The global imperialist configuration was evidently overturned by the collapse of the eastern bloc. Before this event, the world was divided into two rival blocs constituted around their leading powers. The whole period after World War II, up to the collapse of the eastern bloc, was marked by very strong tensions between the blocs, taking the form of open conflicts through their pawns in the Third World. To cite just some of them: war in Korea at the beginning of the 1950s, the Vietnam War throughout the 60s and into the middle of the 70s, war in Afghanistan from1979, etc. The collapse of the Stalinist edifice in 1989 was in fact the product of its economic and military inferiority faced with the opposing bloc.
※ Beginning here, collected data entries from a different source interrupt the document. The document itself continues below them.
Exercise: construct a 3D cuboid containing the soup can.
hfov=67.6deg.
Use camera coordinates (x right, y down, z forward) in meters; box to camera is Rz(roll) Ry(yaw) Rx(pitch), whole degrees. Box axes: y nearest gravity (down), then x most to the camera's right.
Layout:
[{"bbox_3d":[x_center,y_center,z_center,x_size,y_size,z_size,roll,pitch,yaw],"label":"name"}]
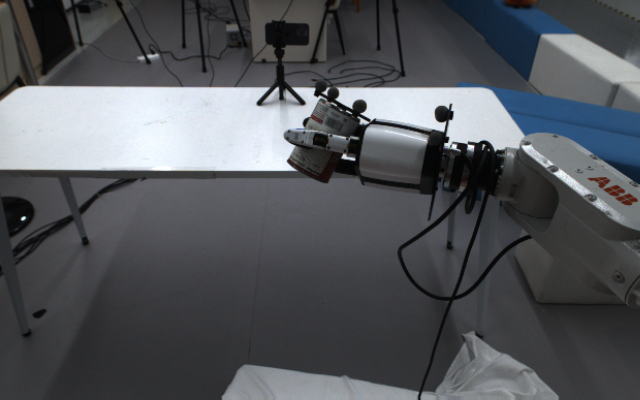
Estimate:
[{"bbox_3d":[0.006,-0.083,0.688,0.067,0.101,0.067,28,10,-5],"label":"soup can"}]
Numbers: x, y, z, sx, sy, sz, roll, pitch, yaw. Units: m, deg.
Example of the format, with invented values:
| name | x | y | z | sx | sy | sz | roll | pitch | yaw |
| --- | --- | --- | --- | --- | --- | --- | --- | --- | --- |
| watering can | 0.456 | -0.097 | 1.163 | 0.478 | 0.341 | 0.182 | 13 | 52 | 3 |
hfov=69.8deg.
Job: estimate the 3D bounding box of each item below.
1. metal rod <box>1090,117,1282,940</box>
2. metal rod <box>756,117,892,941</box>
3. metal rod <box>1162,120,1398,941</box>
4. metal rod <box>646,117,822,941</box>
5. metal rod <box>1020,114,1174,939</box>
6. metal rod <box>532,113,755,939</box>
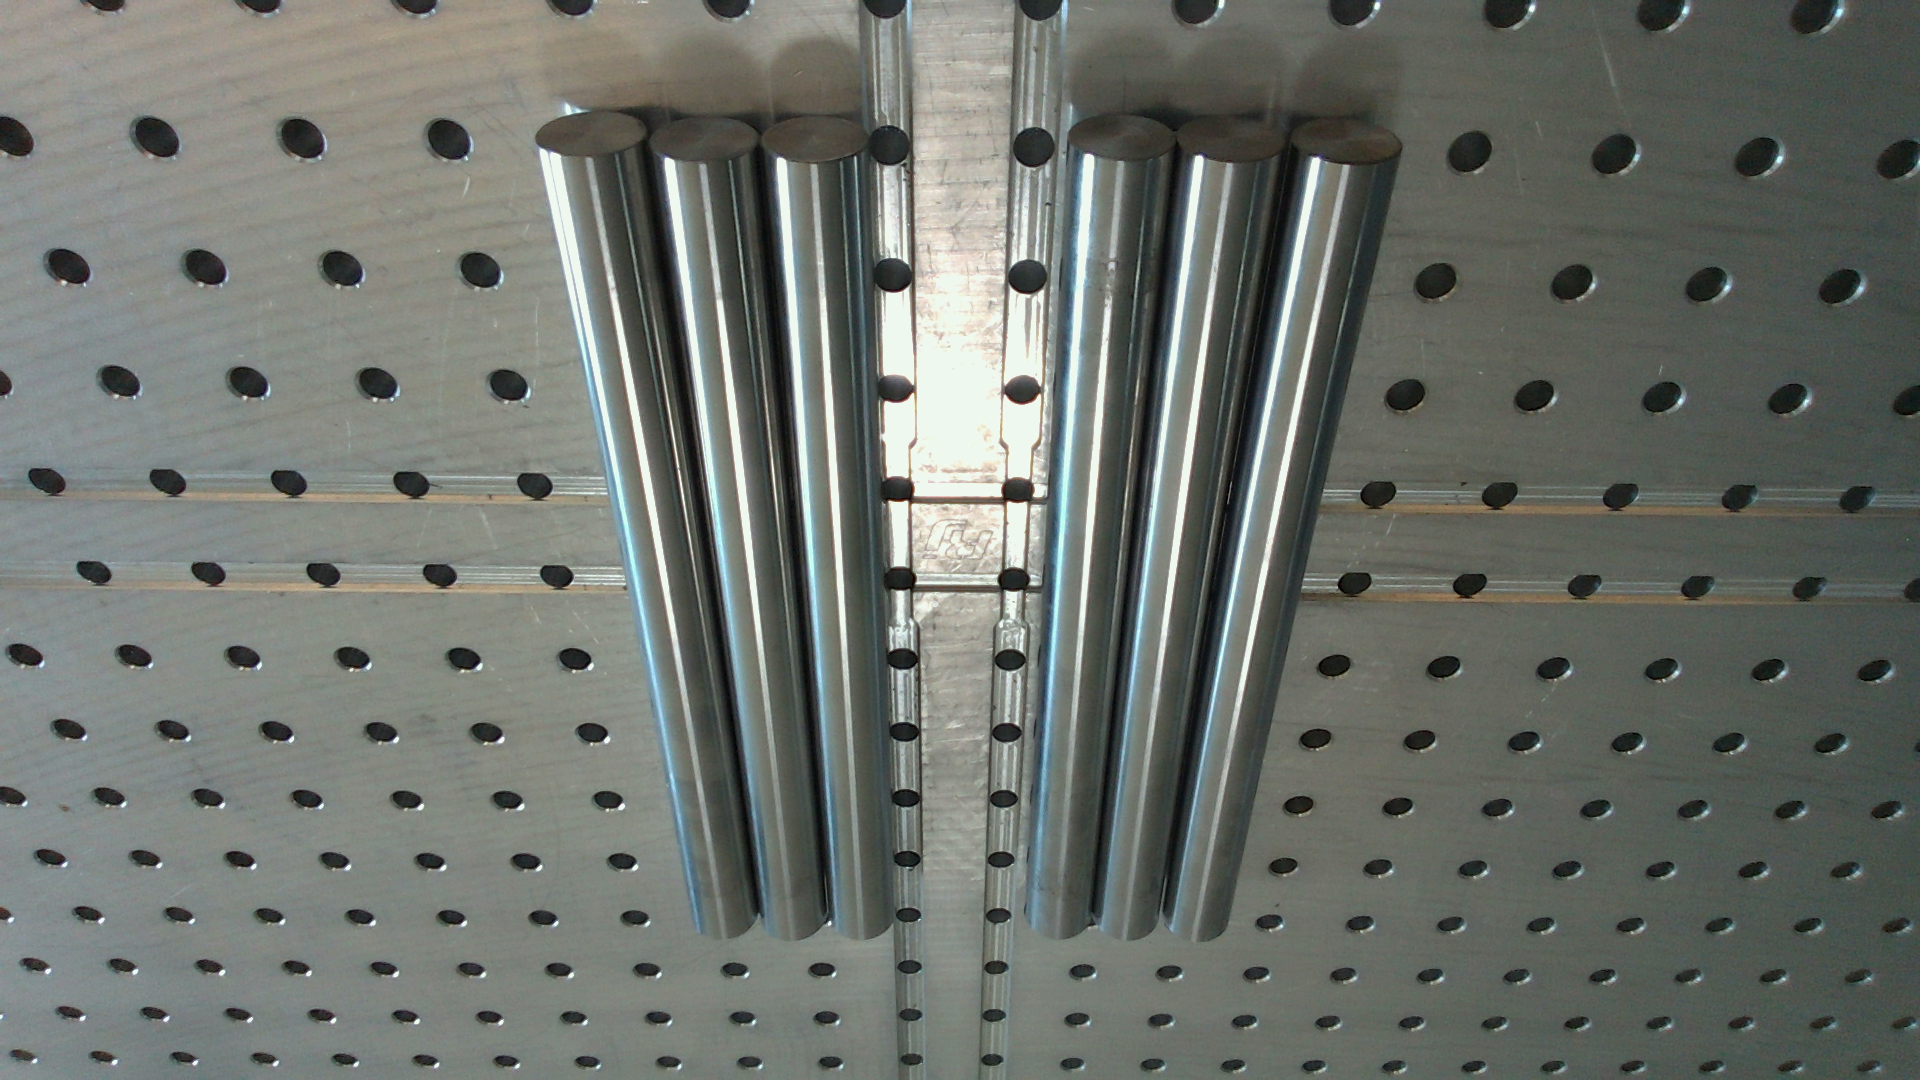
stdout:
| name | x | y | z | sx | sy | sz | roll | pitch | yaw |
| --- | --- | --- | --- | --- | --- | --- | --- | --- | --- |
| metal rod | 0.060 | 0.023 | 0.412 | 0.025 | 0.025 | 0.300 | 0 | 130 | 0 |
| metal rod | -0.035 | 0.023 | 0.412 | 0.025 | 0.025 | 0.300 | 0 | 130 | 0 |
| metal rod | 0.087 | 0.023 | 0.413 | 0.025 | 0.025 | 0.300 | 0 | 130 | 0 |
| metal rod | -0.060 | 0.023 | 0.412 | 0.025 | 0.025 | 0.300 | 0 | 130 | 0 |
| metal rod | 0.035 | 0.022 | 0.412 | 0.025 | 0.025 | 0.300 | 0 | 130 | 0 |
| metal rod | -0.086 | 0.022 | 0.411 | 0.025 | 0.025 | 0.300 | 0 | 130 | 0 |
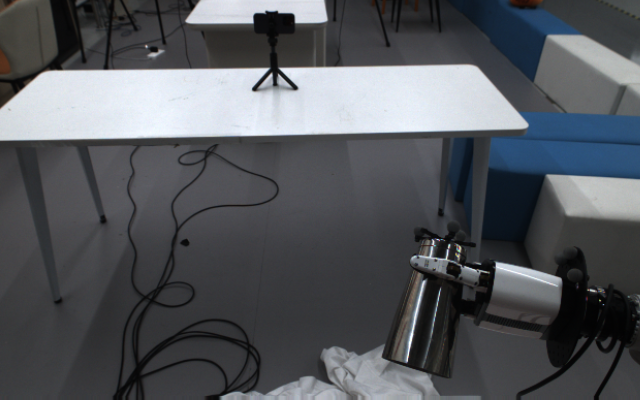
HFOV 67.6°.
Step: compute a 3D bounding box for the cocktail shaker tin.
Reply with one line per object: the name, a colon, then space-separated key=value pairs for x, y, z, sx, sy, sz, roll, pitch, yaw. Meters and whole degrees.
cocktail shaker tin: x=0.151 y=0.140 z=0.661 sx=0.093 sy=0.093 sz=0.170 roll=13 pitch=71 yaw=15
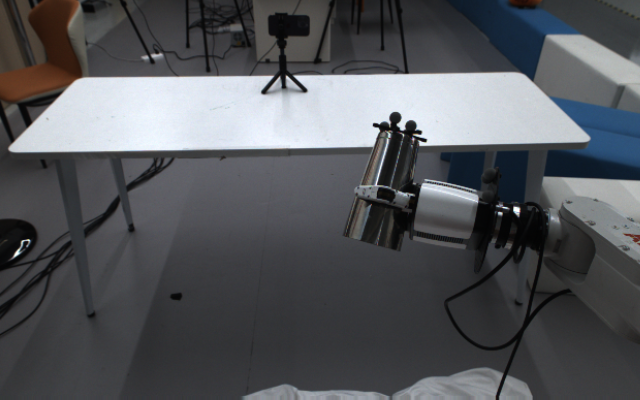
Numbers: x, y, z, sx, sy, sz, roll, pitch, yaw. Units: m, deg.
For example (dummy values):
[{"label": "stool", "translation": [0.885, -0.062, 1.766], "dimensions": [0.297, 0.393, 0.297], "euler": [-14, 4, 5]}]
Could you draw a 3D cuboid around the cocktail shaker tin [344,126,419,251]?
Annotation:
[{"label": "cocktail shaker tin", "translation": [0.100, -0.016, 0.744], "dimensions": [0.093, 0.170, 0.093], "euler": [15, -4, 1]}]
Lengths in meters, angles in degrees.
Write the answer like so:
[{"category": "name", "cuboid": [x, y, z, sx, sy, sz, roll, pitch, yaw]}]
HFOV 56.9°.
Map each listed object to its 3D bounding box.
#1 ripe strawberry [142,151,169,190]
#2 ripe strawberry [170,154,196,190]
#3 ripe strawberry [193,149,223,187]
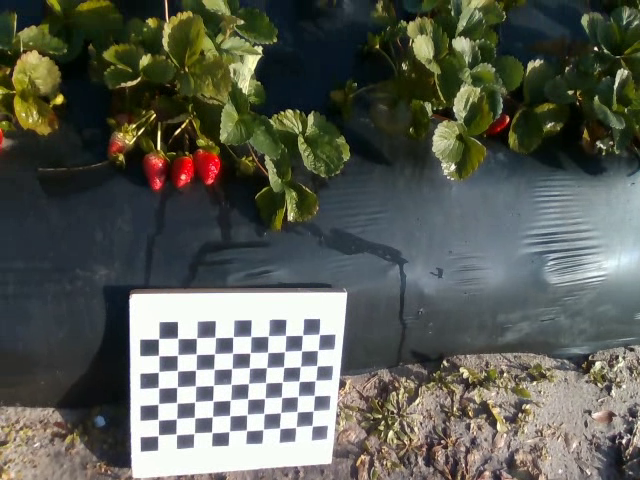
[{"category": "ripe strawberry", "cuboid": [-0.186, -0.077, 0.665, 0.031, 0.045, 0.023, 0, -1, -10]}, {"category": "ripe strawberry", "cuboid": [-0.157, -0.076, 0.664, 0.031, 0.037, 0.039, 10, 37, -12]}, {"category": "ripe strawberry", "cuboid": [-0.129, -0.077, 0.673, 0.035, 0.041, 0.034, -4, -36, -9]}]
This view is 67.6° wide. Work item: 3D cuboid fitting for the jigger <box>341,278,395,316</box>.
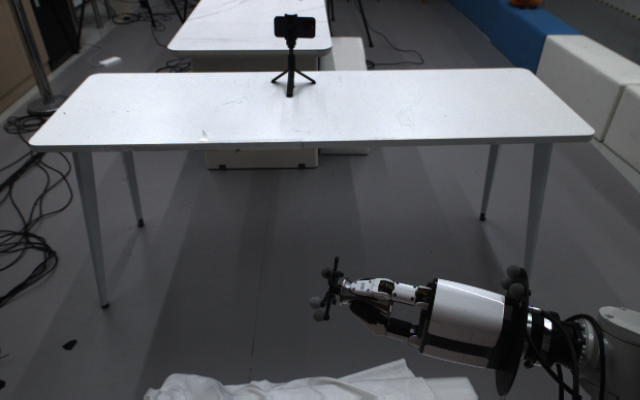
[{"bbox_3d":[0.071,0.126,0.654,0.071,0.043,0.043,9,35,16],"label":"jigger"}]
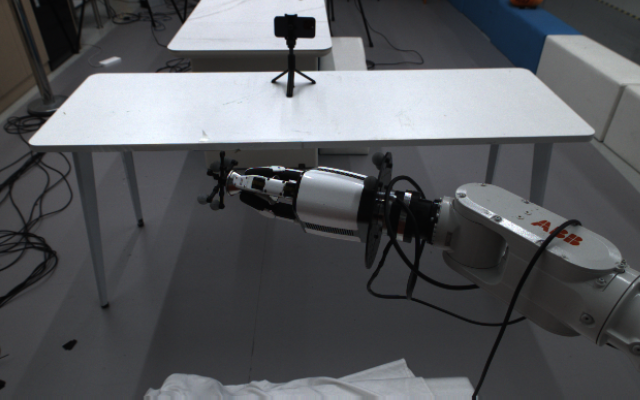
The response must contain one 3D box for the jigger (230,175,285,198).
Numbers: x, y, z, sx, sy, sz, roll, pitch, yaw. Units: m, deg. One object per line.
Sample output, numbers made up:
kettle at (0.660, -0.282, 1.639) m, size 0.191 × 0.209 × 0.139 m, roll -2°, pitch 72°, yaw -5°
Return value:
jigger at (-0.090, -0.023, 0.697) m, size 0.071 × 0.043 × 0.043 m, roll 10°, pitch 35°, yaw 16°
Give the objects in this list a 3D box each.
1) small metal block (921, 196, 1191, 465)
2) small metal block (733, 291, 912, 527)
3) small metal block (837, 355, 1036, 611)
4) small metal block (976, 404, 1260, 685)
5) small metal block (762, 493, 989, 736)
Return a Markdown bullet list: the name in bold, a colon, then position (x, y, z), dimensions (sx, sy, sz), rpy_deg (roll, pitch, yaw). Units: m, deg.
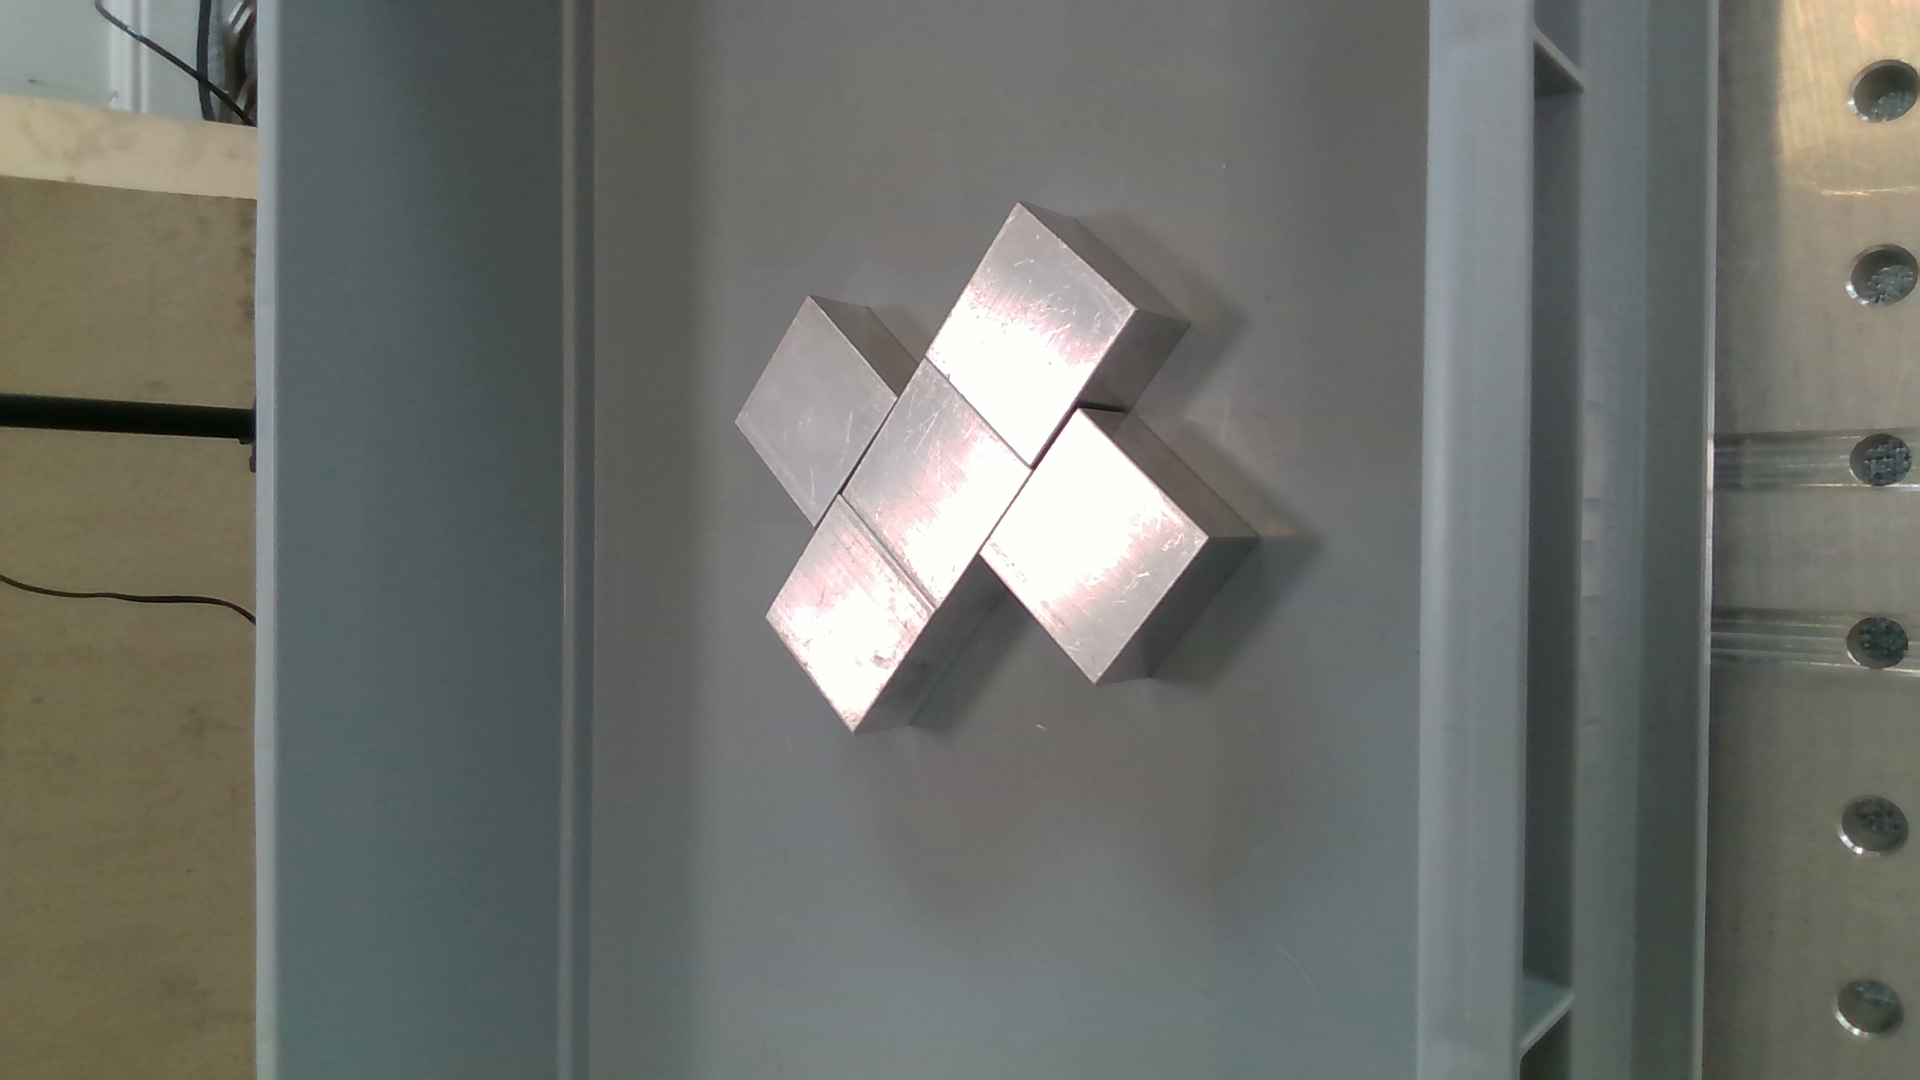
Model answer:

Through western propaganda, the "Evil Empire" of the Russian bloc had always been presented as the "aggressor", the warlike bloc against the "peaceful" west. So, with the collapse of the Russian bloc, shouldn't that mean the end to aggression and war? This, however, was the analysis of the ICC defended in January 1990: "The disappearance of the Russian imperialist gendarme, and the resulting effects on the American gendarme vis-à-vis its main ‘partners' of yesterday, opens the door to unleashing a whole series of more local rivalries. These rivalries and confrontations cannot, at this present time, degenerate into a world conflict (...) On the other hand, from the fact of the disappearance of the discipline imposed by the presence of the blocs, these conflicts risk becoming more violent and more numerous, particularly in the zones where the proletariat is weakest."[5] It wasn't long before world events confirmed this analysis, notably with the first Gulf War in January 1991 and the war in ex-Yugoslavia from the autumn of the same year. Since then bloody and barbaric confrontations have not ceased. There's too many to enumerate here but we can underline some in particular: the pursuit of the war in ex-Yugoslavia, which saw the direct engagement, under the aegis of NATO, of the United States and the principal European powers in 1999; the two wars in Chechnya; the numerous wars ravaging the African continent (Rwanda, Somalia, Congo, Sudan, etc); the military operations of Israel against Lebanon and, quite recently, against the Gaza Strip; the war in Afghanistan of 2001 which is still going on today; the war in Iraq of 2003 whose consequences continue to weigh dramatically on this country, but also on the initiator of this war, American imperialism.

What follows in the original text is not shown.